I didn't mean to imply this was a duplicate of 202 or anything like that, but rather that your patch provides one alternative to fix COMPRESS-202 beyond "just" documenting the behavior.  We'll need to discuss on the dev list how we want to solve it, but for the sake of getting more opinions I'll wait a few days until people are back from their holiday time-outs.

Given tar record reading may be willing to consume non-tar inputs, we may need to be more careful there.  I'll need to look into the tar dialect documentations a bit more to see what we might need to accept as part of the archive once the first EOF-record has been found.

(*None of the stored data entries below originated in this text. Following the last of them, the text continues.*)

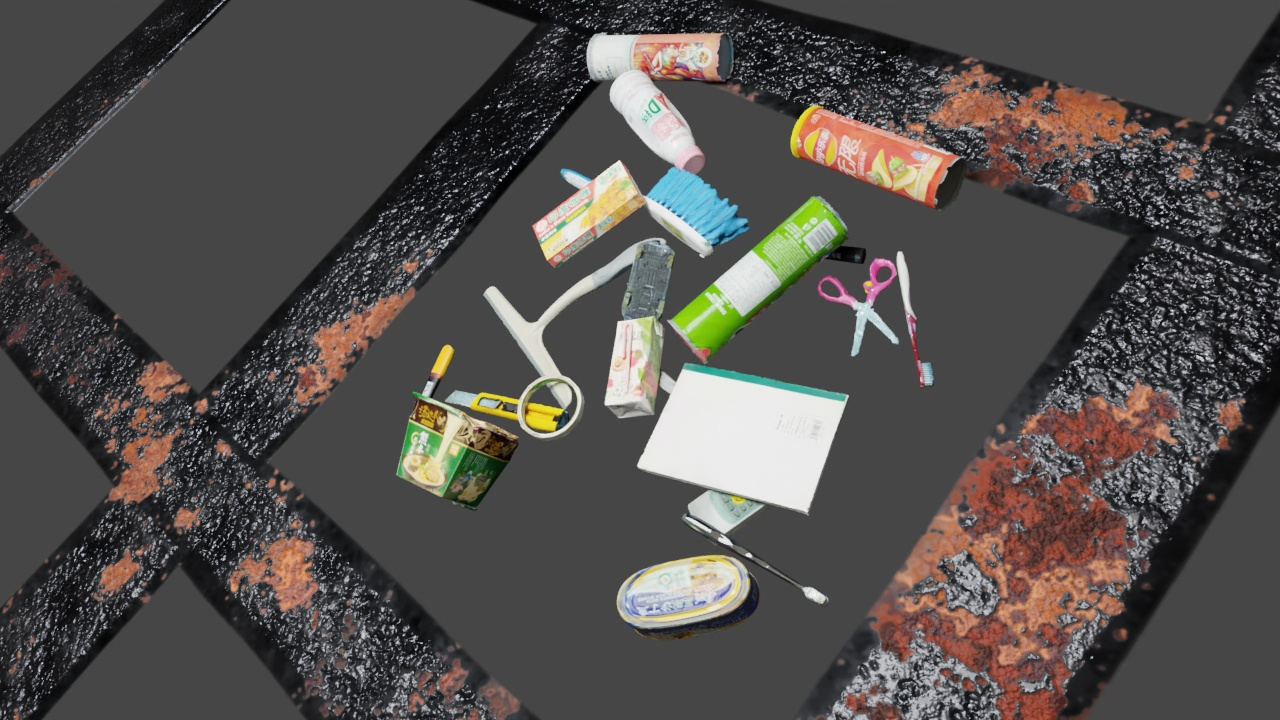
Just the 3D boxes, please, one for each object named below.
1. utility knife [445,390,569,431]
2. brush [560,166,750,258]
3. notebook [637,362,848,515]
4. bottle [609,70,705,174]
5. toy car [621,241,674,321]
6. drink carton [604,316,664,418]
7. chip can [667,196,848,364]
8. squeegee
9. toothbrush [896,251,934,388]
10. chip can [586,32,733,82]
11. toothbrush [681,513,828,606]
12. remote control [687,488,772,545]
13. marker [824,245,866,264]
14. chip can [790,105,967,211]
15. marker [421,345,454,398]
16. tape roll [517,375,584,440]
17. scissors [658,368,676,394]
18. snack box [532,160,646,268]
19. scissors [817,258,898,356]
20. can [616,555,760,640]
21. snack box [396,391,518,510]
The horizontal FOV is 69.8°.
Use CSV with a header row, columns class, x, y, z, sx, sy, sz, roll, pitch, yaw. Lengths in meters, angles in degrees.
class,x,y,z,sx,sy,sz,roll,pitch,yaw
utility knife,-0.175,0.064,1.194,0.197,0.015,0.033,10,66,26
brush,0.011,-0.229,1.273,0.109,0.060,0.314,-45,53,-3
notebook,0.116,0.083,1.051,0.209,0.012,0.150,12,63,29
bottle,0.027,-0.338,1.320,0.068,0.068,0.197,-33,59,0
toy car,0.010,-0.099,1.198,0.054,0.037,0.120,13,68,-1
drink carton,-0.007,0.007,1.137,0.054,0.045,0.122,-7,59,27
chip can,0.144,-0.097,1.115,0.236,0.072,0.072,-41,55,2
squeegee,-0.068,-0.096,1.231,0.246,0.039,0.246,-37,55,-2
toothbrush,0.319,-0.051,1.069,0.017,0.016,0.187,-6,60,9
chip can,0.030,-0.456,1.381,0.215,0.071,0.071,8,65,24
toothbrush,0.120,0.211,0.981,0.181,0.018,0.015,28,83,25
remote control,0.120,0.148,1.029,0.135,0.019,0.056,-35,55,-1
marker,0.219,-0.140,1.157,0.132,0.020,0.022,11,57,27
chip can,0.299,-0.259,1.163,0.217,0.073,0.073,30,75,32
marker,-0.285,0.036,1.256,0.018,0.015,0.123,11,69,28
tape roll,-0.113,0.059,1.155,0.086,0.014,0.085,-8,63,15
scissors,0.043,0.047,1.122,0.174,0.014,0.140,2,61,23
snack box,-0.072,-0.200,1.261,0.156,0.027,0.077,-35,51,12
scissors,0.261,-0.066,1.102,0.124,0.017,0.133,9,69,23
can,0.051,0.252,0.978,0.148,0.049,0.074,-14,58,13
snack box,-0.234,0.115,1.137,0.118,0.118,0.105,19,80,29

> TarArchiveOutputStream sometimes writes garbage beyond the end of the archive
> -----------------------------------------------------------------------------
>                 Key: COMPRESS-206
>                 URL: https://issues.apache.org/jira/browse/COMPRESS-206
>             Project: Commons Compress
>          Issue Type: Bug
>          Components: Compressors
>    Affects Versions: 1.0, 1.4.1
>         Environment: Linux x86
>            Reporter: Peter De Maeyer
>             Fix For: 1.5
>         Attachments: COMPRESS-206.patch
> For some combinations of file lengths, the archive created by TarArchiveOutputStream writes garbage beyond the end of the TAR stream. TarArchiveInputStream can still read the stream without problems, but it does not read beyond the garbage. This is problematic for my use case because I write a checksum _after_ the TAR content. If I then try to read the checksum back, I read garbage instead.
> Functional impact:
> * TarArchiveInputStream is asymmetrical with respect to TarArchiveOutputStream, in the sense that TarArchiveInputStream does not read everything that was written by TarArchiveOutputStream.
> * The content is unnecessarily large. The garbage is totally unnecessarily large: ~10K overhead compared to Linux command-line tar.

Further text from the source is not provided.